OUTPUT_FILENAME = "./samples/sample_"+str(sample)

#### Set Bayesian Identification Parameters

In [13]:
# Surrogate Model Configurations
CONFIGURATION_I = './config_I.json'
CONFIGURATION_II = './config_II.json'

# Markov Chain Monte Carlo (MCMC) Configuration
MCMC_SETTINGS = {
    'parameter_start_points': [
        np.array([0.3, 0.0, 30.0]),
        np.array([0.4, 0.25, 30.0]),
        np.array([0.2, 0.25, 30.0]),
        np.array([0.4, -0.25, 30.0]),
        np.array([0.2, -0.25, 30.0])
    ],
    'bounds': ([0.1, -0.5, 29.0], [0.5, 0.5, 31.0]),
    'N': int(6e3),   # Total number of samples
    'Nb': int(1e3),  # Number of burn-in samples
    'Nt': 5,         # Number of chains
}

# Noise Configuration
NOISE_PARAMS = {
    'noise_factor': 1e-6 * 1000,
    'B': np.sqrt(200),
    'S': 5,
}

noise = (NOISE_PARAMS['noise_factor']*NOISE_PARAMS['B']*NOISE_PARAMS['S'])**2


#### Load Surrogate Models

In [14]:
# Data preprocessing for both configurations
data_processor_I = preprocessing(CONFIGURATION_I)
data_processor_II = preprocessing(CONFIGURATION_II)
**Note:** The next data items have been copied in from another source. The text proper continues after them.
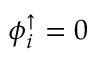<formula> <loc_0><loc_0><loc_500><loc_500>\phi _ { i } ^ { \uparrow } = 0</formula> 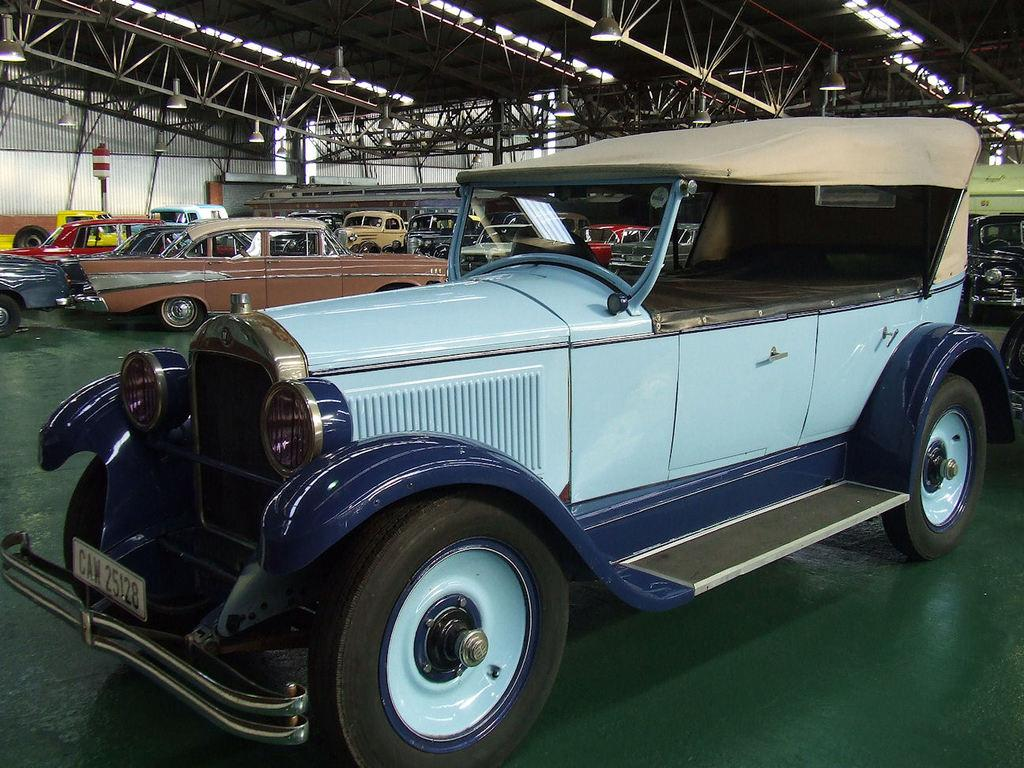What objects are on the floor in the image? There are vehicles on the floor in the image. What can be seen in the background of the image? There is a pole visible in the background of the image. What is located at the top of the image? There are rods and lights at the top of the image. What type of comfort can be found in the weight of the branch in the image? There is no branch present in the image, so it is not possible to determine any comfort related to it. 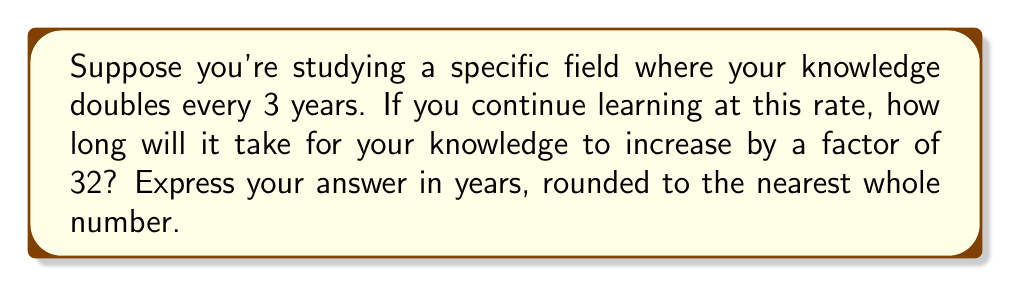Provide a solution to this math problem. Let's approach this step-by-step:

1) First, we need to understand what it means for knowledge to increase by a factor of 32. This can be expressed as:

   $32 = 2^5$

2) This means we're looking for how long it takes for knowledge to double 5 times.

3) We're given that knowledge doubles every 3 years. So we can set up the equation:

   $t = 3 * 5$

   Where $t$ is the time we're looking for.

4) Calculating:

   $t = 3 * 5 = 15$

5) Therefore, it will take 15 years for knowledge to increase by a factor of 32.

Alternatively, we could solve this using logarithms:

1) Let $y$ be the factor by which knowledge increases, and $t$ be the time in years.

2) We can express this relationship as:

   $y = 2^{\frac{t}{3}}$

3) We want to find $t$ when $y = 32$. So we can write:

   $32 = 2^{\frac{t}{3}}$

4) Taking the logarithm of both sides:

   $\log_2 32 = \log_2 (2^{\frac{t}{3}})$

5) Using the logarithm property $\log_a (a^x) = x$:

   $\log_2 32 = \frac{t}{3}$

6) We know that $\log_2 32 = 5$, so:

   $5 = \frac{t}{3}$

7) Solving for $t$:

   $t = 3 * 5 = 15$

Thus, we arrive at the same answer: 15 years.
Answer: 15 years

# Initialize and load models for both configurations
model_I = NN_Model()
model_I.load_model(data_processor_I.config['MODEL_PATH'])

model_II = NN_Model()
model_II.load_model(data_processor_II.config['MODEL_PATH'])  # Ensure this uses data_processor_II

# Define forward and gradient functions for the first configuration
forward_model = create_forward_model_function(data_processor_I, model_I)
gradient_model = create_gradient_function(data_processor_I, model_I)

# Create a CUQI model using the forward model and gradient functions
cuqi_model = Model(forward=forward_model, 
                   jacobian=gradient_model,
                   range_geometry=Continuous1D(len(data_processor_I.time)),
                   domain_geometry=Discrete(["Overetch", "Offset", "Thickness"]))

# Extract test data for visualization or further processing
X_values, y_values = data_processor_I.X_test, data_processor_I.y_test



In [15]:
# Select a true sample for testing
x_true, y_true = X_values[sample], y_values[sample]

# Generate observed data by adding Gaussian noise to the true data
y_observed = Gaussian(mean=y_true, cov=noise * np.eye(len(data_processor_I.time))).sample()

# Define the prior distribution for the input parameters
# Assuming uniform distributions over specified ranges for each parameter
x_distribution = Uniform(low=np.array([0.1, -0.5, 29.0]), high=np.array([0.5, 0.5, 31.0]))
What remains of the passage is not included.